Ensemble Privacy Defense for Knowledge-Intensive LLMs against Membership Inference Attacks
Haowei Fu, Bo Ni, Han Xu, Kunpeng Liu, Dan Lin, Tyler Derr
TL;DR
This paper systematically compares privacy vulnerabilities of RAG- and SFT-based knowledge-injected LLMs under membership inference attacks and introduces Ensemble Privacy Defense (EPD), a training-free, model-agnostic inference-time framework that aggregates candidate outputs from a target model and a base model under the judgment of a dedicated LLM. EPD substantially reduces MIA success across multiple datasets and attack types while preserving answer quality, with larger judge models and judicious retrieval settings enhancing protection. The work demonstrates that RAG typically offers stronger privacy resilience than SFT, and that a judiciously designed judge-driven ensemble provides a practical path to privacy-preserving deployment in knowledge-intensive LLM applications. Ablation studies show the judge’s capacity and the ensemble’s configuration are key drivers, while adaptive noise injection yields context-dependent gains, indicating that the core privacy benefit comes from the judge-based aggregation rather than auxiliary noise. Overall, EPD offers a scalable, deployment-friendly approach to mitigating membership leakage in real-world, knowledge-intensive LLM systems.
Abstract
Retrieval-Augmented Generation (RAG) and Supervised Finetuning (SFT) have become the predominant paradigms for equipping Large Language Models (LLMs) with external knowledge for diverse, knowledge-intensive tasks.
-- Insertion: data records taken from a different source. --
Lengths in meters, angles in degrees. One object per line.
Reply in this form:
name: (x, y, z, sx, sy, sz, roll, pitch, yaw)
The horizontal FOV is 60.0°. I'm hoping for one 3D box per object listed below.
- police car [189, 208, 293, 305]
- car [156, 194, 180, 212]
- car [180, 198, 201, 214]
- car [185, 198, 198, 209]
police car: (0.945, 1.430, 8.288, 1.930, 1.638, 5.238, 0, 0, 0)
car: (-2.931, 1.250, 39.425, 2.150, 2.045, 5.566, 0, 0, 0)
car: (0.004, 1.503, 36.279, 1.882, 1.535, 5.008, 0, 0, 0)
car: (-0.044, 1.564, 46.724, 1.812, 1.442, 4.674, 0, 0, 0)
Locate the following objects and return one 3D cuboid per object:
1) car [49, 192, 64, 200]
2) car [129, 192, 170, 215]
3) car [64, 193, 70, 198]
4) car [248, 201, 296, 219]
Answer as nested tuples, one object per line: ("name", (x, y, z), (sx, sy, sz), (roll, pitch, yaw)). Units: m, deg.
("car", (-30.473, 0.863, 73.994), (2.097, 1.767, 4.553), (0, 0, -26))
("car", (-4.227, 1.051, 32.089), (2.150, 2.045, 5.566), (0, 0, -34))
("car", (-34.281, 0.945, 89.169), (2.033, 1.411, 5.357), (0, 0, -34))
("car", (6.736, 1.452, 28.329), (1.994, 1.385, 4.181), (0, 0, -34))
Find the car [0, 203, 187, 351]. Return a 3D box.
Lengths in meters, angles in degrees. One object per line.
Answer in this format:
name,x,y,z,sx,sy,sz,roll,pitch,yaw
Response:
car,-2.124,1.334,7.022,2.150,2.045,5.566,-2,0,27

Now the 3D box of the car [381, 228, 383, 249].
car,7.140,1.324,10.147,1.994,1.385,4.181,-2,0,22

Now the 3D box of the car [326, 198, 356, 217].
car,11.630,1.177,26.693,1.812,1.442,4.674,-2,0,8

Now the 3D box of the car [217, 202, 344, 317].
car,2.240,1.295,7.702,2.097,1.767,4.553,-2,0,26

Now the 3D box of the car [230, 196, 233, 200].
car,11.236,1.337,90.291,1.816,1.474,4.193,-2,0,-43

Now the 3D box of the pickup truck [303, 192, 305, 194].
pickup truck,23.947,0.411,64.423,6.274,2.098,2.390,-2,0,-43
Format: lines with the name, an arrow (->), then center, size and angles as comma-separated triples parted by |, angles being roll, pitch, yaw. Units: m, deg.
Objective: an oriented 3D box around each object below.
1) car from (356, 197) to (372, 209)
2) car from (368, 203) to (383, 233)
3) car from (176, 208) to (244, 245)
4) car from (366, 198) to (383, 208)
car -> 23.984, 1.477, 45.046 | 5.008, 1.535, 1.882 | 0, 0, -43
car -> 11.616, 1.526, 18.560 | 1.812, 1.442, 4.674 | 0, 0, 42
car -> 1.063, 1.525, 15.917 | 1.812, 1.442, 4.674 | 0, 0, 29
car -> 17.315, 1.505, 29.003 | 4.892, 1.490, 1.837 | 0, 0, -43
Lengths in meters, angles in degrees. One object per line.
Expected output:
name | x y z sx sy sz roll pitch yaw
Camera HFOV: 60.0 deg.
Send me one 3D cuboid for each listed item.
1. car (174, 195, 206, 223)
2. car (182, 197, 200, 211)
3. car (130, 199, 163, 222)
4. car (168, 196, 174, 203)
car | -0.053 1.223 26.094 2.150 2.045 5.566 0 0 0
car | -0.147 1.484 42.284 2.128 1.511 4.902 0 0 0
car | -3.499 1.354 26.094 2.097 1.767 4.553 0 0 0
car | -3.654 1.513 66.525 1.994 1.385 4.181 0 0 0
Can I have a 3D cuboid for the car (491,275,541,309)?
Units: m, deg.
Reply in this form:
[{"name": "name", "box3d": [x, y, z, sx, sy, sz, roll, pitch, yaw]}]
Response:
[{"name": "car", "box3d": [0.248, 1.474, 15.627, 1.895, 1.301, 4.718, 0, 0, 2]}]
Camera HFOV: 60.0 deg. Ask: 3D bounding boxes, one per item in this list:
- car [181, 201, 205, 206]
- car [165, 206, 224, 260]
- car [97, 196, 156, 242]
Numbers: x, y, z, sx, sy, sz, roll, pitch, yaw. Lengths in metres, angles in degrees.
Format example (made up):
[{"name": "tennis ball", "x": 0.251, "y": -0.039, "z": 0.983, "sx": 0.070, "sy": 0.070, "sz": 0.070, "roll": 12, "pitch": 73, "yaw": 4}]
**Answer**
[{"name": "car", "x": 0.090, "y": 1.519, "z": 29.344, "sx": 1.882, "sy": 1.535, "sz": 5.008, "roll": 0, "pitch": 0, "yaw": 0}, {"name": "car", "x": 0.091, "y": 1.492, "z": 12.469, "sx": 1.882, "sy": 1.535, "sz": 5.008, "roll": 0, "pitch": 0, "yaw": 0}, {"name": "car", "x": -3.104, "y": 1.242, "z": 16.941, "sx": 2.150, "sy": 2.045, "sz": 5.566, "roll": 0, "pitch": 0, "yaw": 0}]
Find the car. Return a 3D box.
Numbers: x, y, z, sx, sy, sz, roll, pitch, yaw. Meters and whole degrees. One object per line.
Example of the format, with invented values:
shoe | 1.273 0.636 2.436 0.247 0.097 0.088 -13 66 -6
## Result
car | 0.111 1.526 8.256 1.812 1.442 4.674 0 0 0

However, while such knowledge injection improves performance, it also exposes new attack surfaces. Membership Inference Attacks (MIAs), which aim to determine whether a given data sample was included in a model's training set, pose serious threats to privacy and trust in sensitive domains. To this end, we first systematically evaluate the vulnerability of RAG- and SFT-based LLMs to various MIAs. Then, to address the privacy risk, we further introduce a novel, model-agnostic defense framework, Ensemble Privacy Defense (EPD), which aggregates and evaluates the outputs of a knowledge-injected LLM, a base LLM, and a dedicated judge model to enhance resistance against MIAs. Comprehensive experiments show that, on average, EPD reduces MIA success by up to 27.8\% for SFT and 526.3\% for RAG compared to inference-time baseline, while maintaining answer quality.